(Exercise instructions)
Transcribe every line from the one containing "Screen dimensions: 1232x953 Task: Locate" through the end of the records below, exactly, but not the pictures.

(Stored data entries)

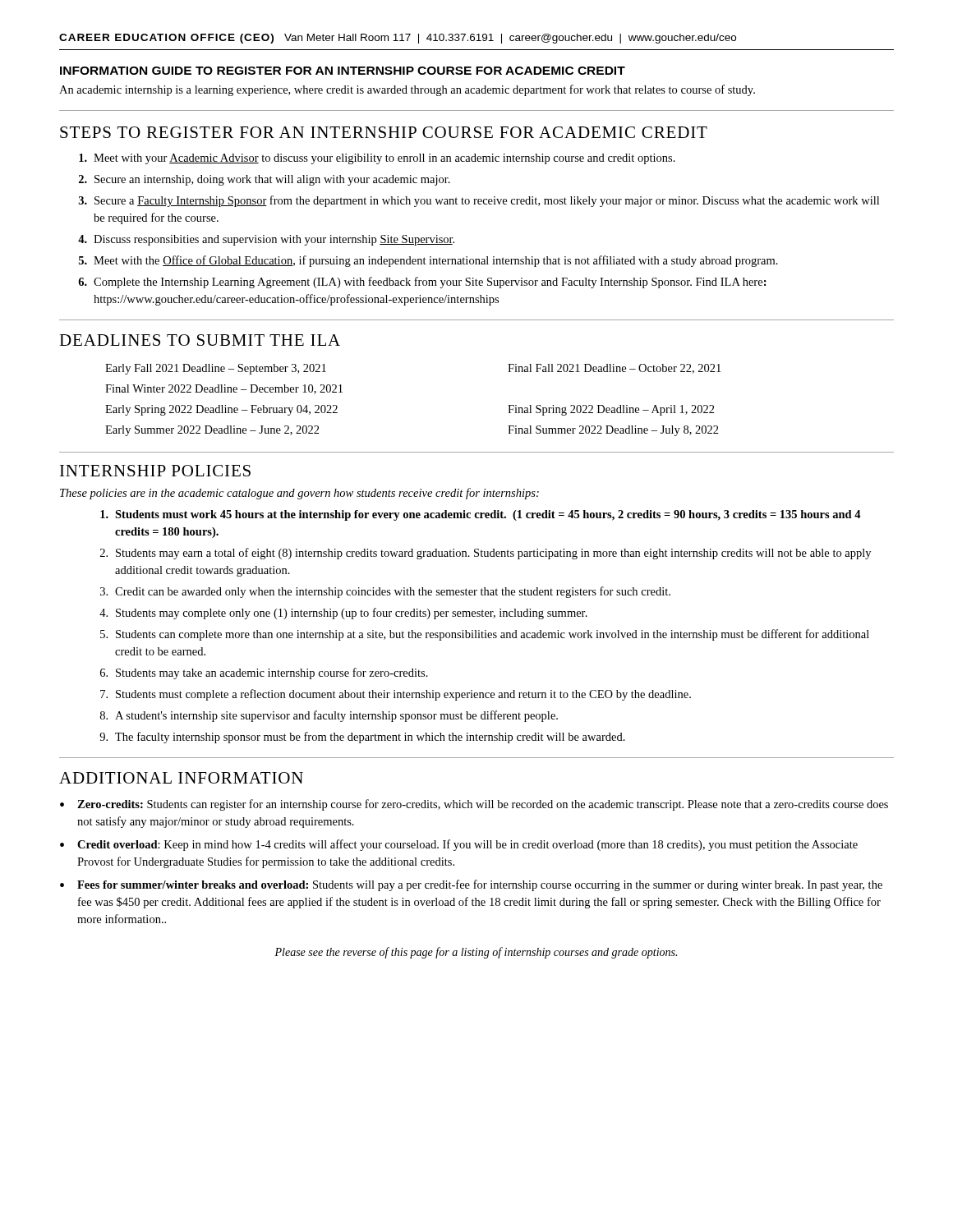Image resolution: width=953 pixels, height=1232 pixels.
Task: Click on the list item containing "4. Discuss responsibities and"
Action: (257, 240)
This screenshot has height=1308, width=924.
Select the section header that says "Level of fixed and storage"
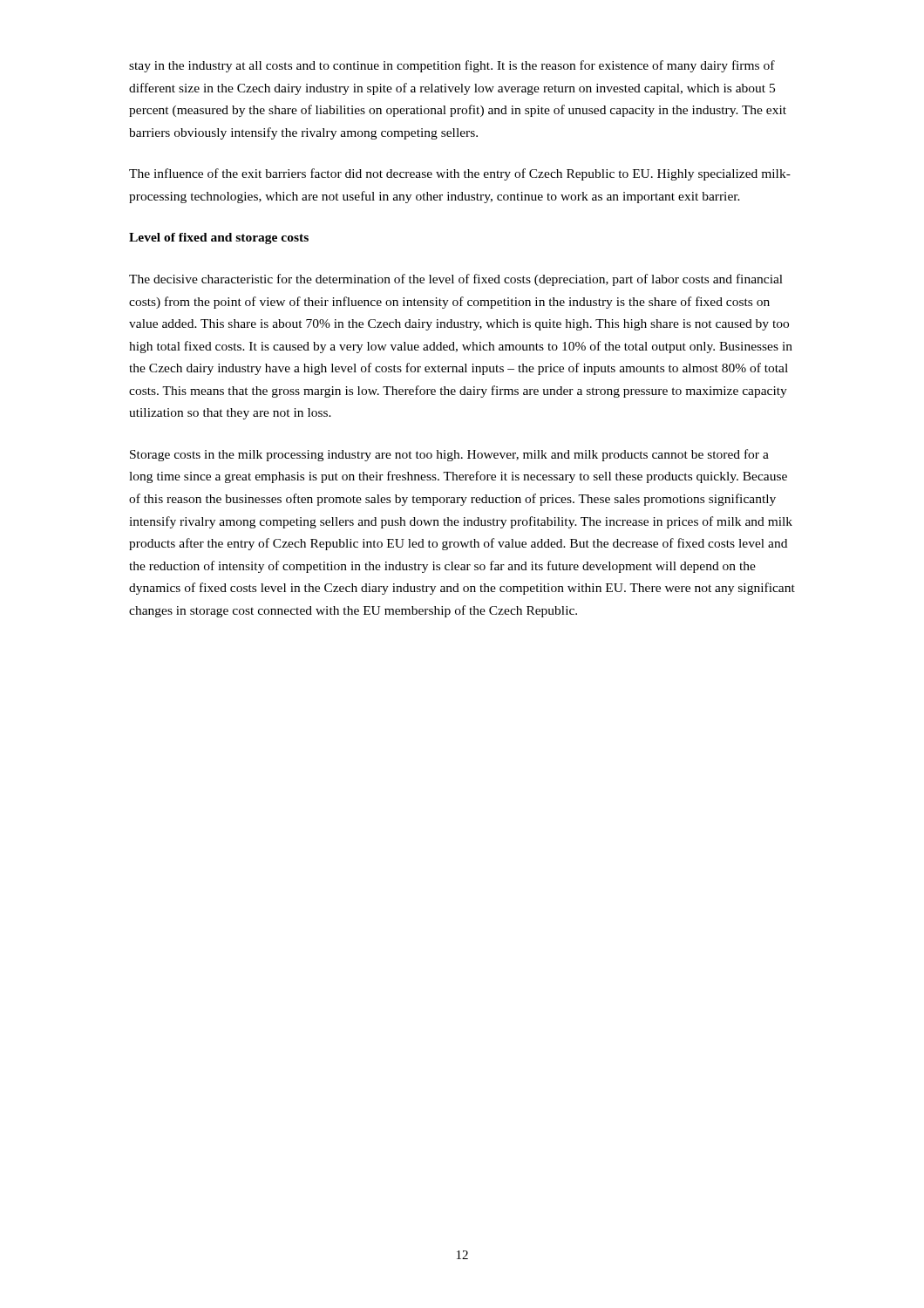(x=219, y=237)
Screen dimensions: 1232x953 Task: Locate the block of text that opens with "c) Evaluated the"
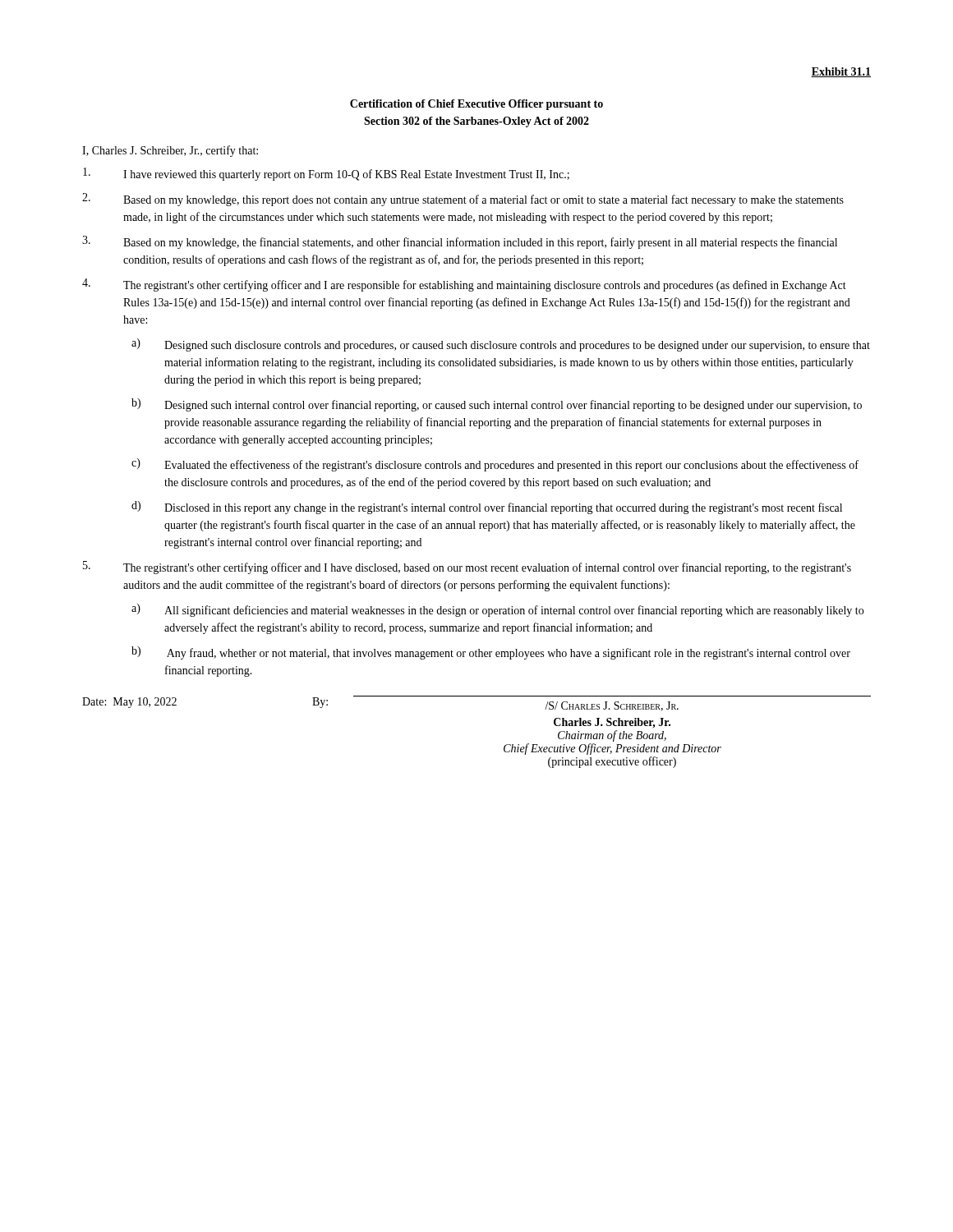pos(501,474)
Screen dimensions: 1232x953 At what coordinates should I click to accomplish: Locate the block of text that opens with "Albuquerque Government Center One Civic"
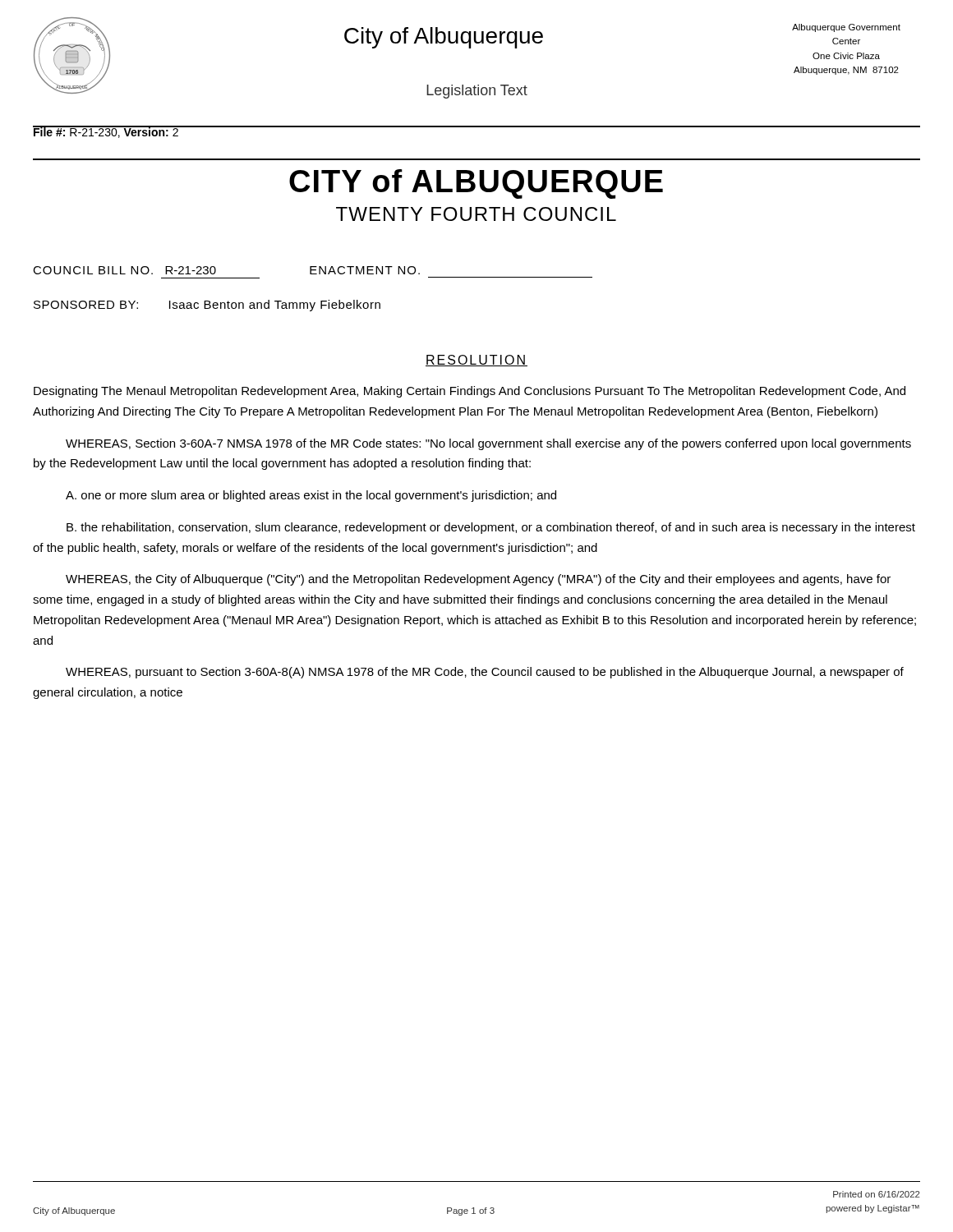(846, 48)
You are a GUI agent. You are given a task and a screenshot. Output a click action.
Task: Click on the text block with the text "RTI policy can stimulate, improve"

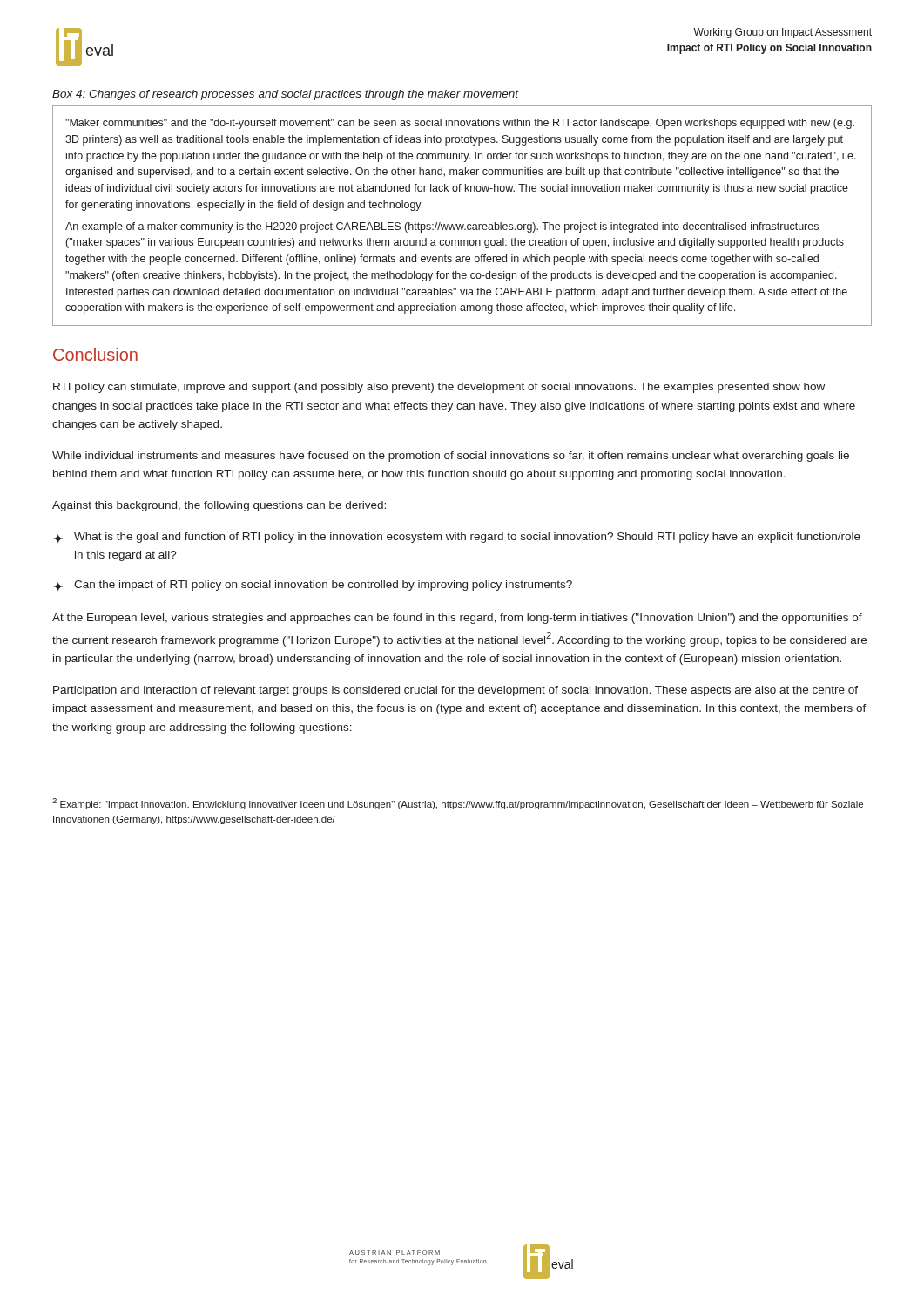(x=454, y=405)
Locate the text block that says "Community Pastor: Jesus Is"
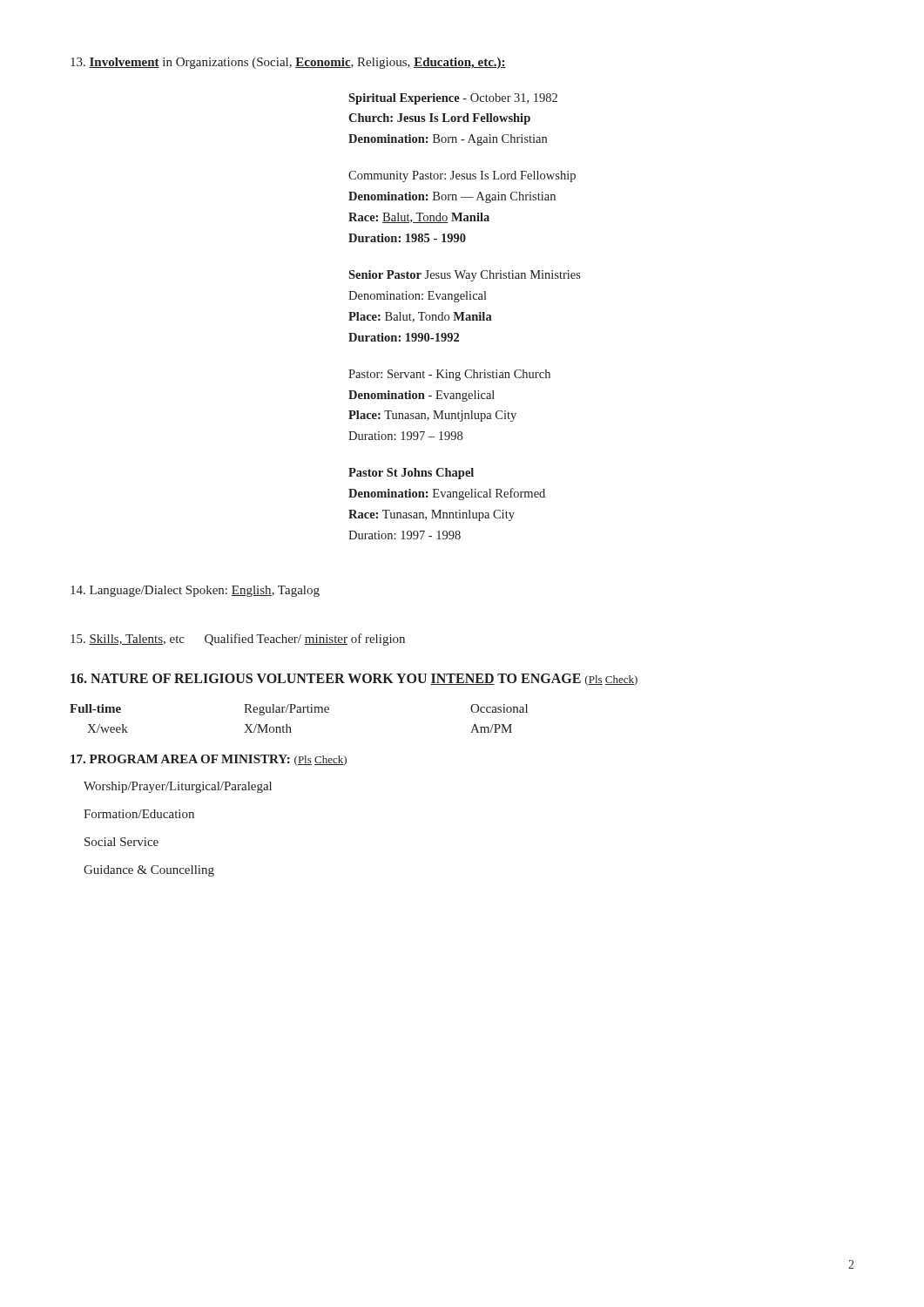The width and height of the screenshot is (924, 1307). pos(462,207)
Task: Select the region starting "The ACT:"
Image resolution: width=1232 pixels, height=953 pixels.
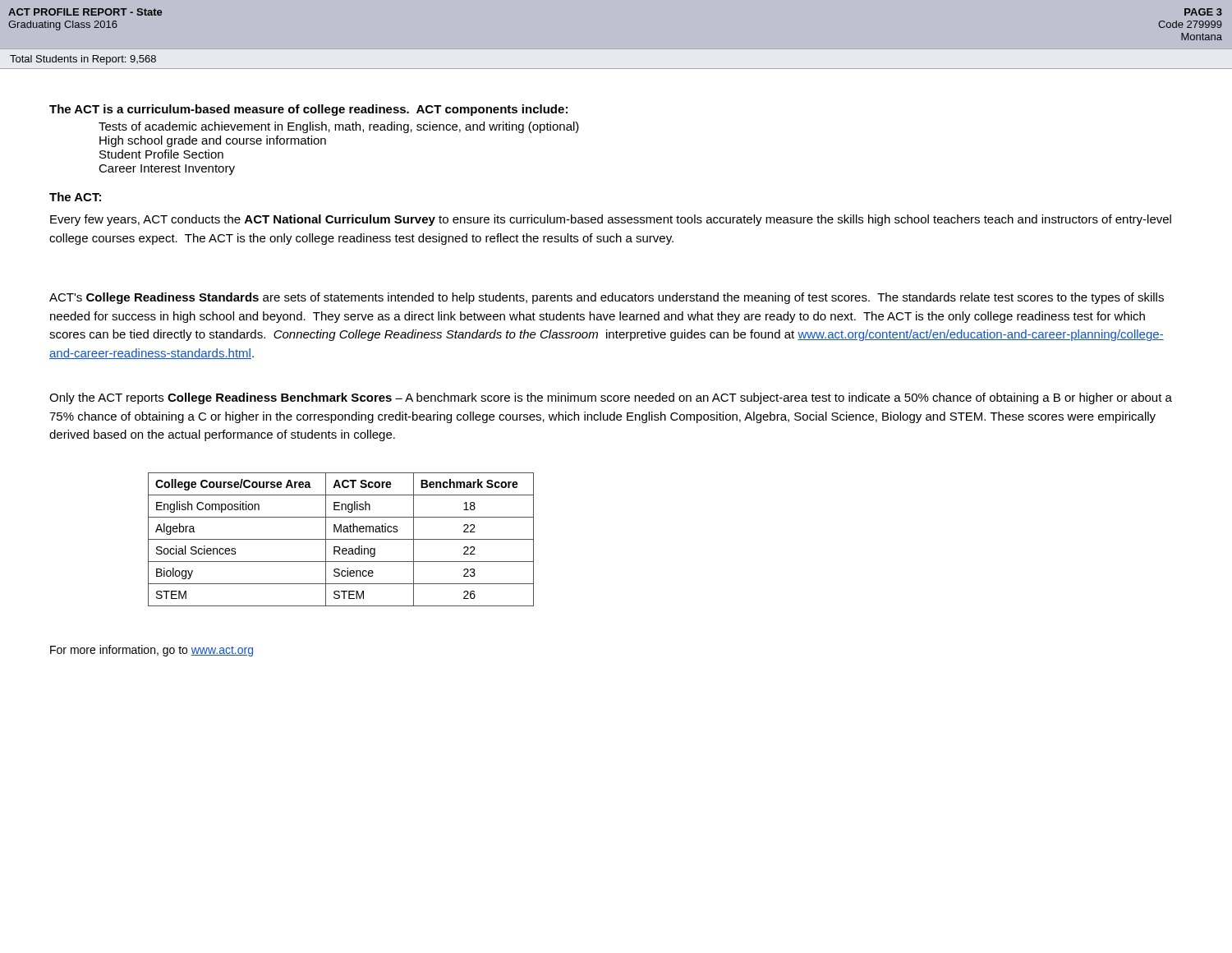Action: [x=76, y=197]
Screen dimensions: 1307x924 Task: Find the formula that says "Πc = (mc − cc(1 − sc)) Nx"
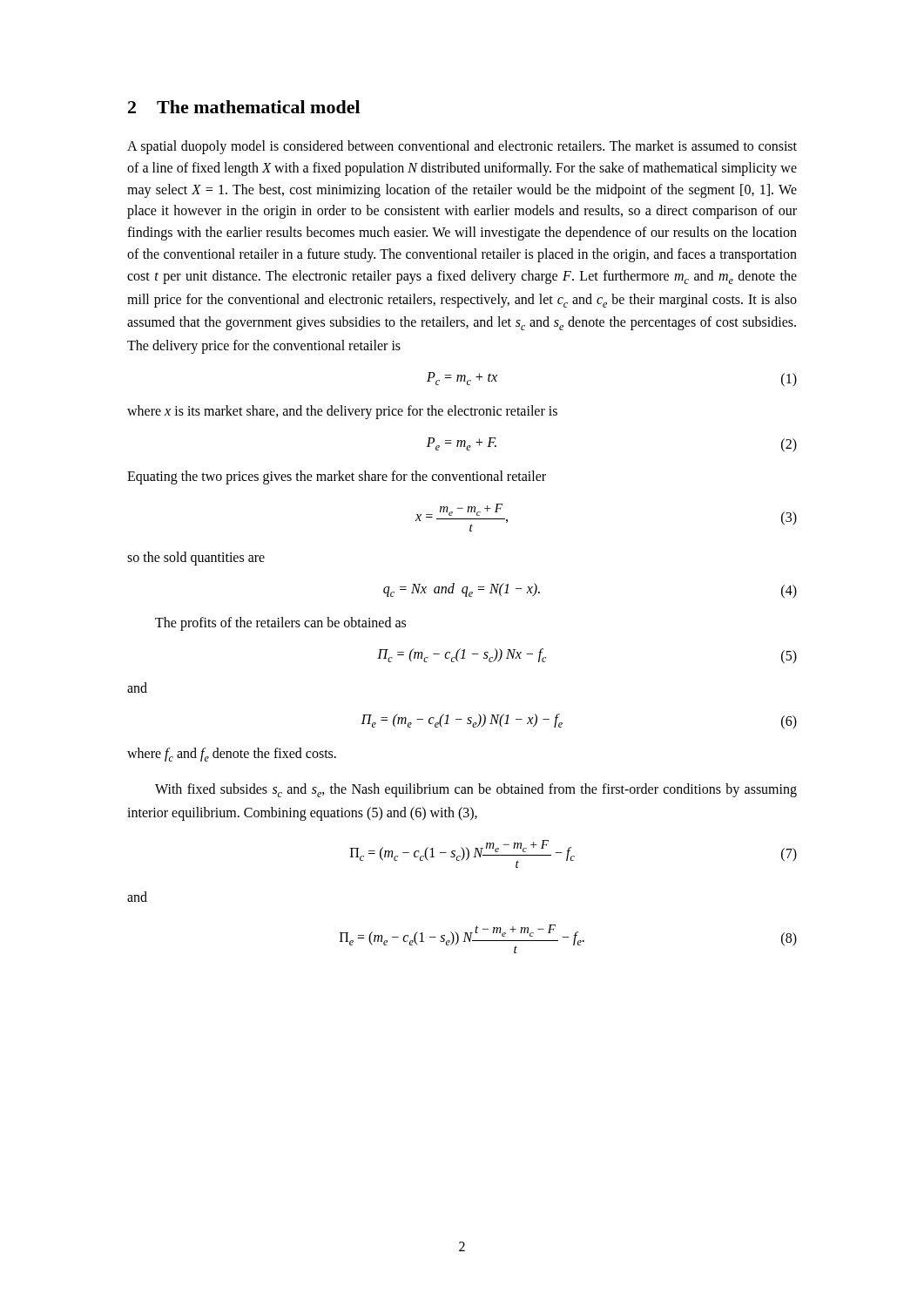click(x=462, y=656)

(Solution)
Screen dimensions: 1232x953 Task: Locate the block of text that opens with "c) Evaluated the"
pos(501,474)
Screen dimensions: 1232x953 At what coordinates should I click to accomplish: Locate the block of text that opens with "Albuquerque Government Center One Civic"
(846, 48)
You are a GUI agent. You are given a task and a screenshot. Output a click action.
Task: Click on the text block with the text "RTI policy can stimulate, improve"

(x=454, y=405)
Locate the text block that says "Community Pastor: Jesus Is"
The width and height of the screenshot is (924, 1307). pos(462,207)
Task: Select the region starting "The ACT:"
Image resolution: width=1232 pixels, height=953 pixels.
Action: [x=76, y=197]
Screen dimensions: 1307x924 Task: Find the formula that says "Πc = (mc − cc(1 − sc)) Nx"
click(x=462, y=656)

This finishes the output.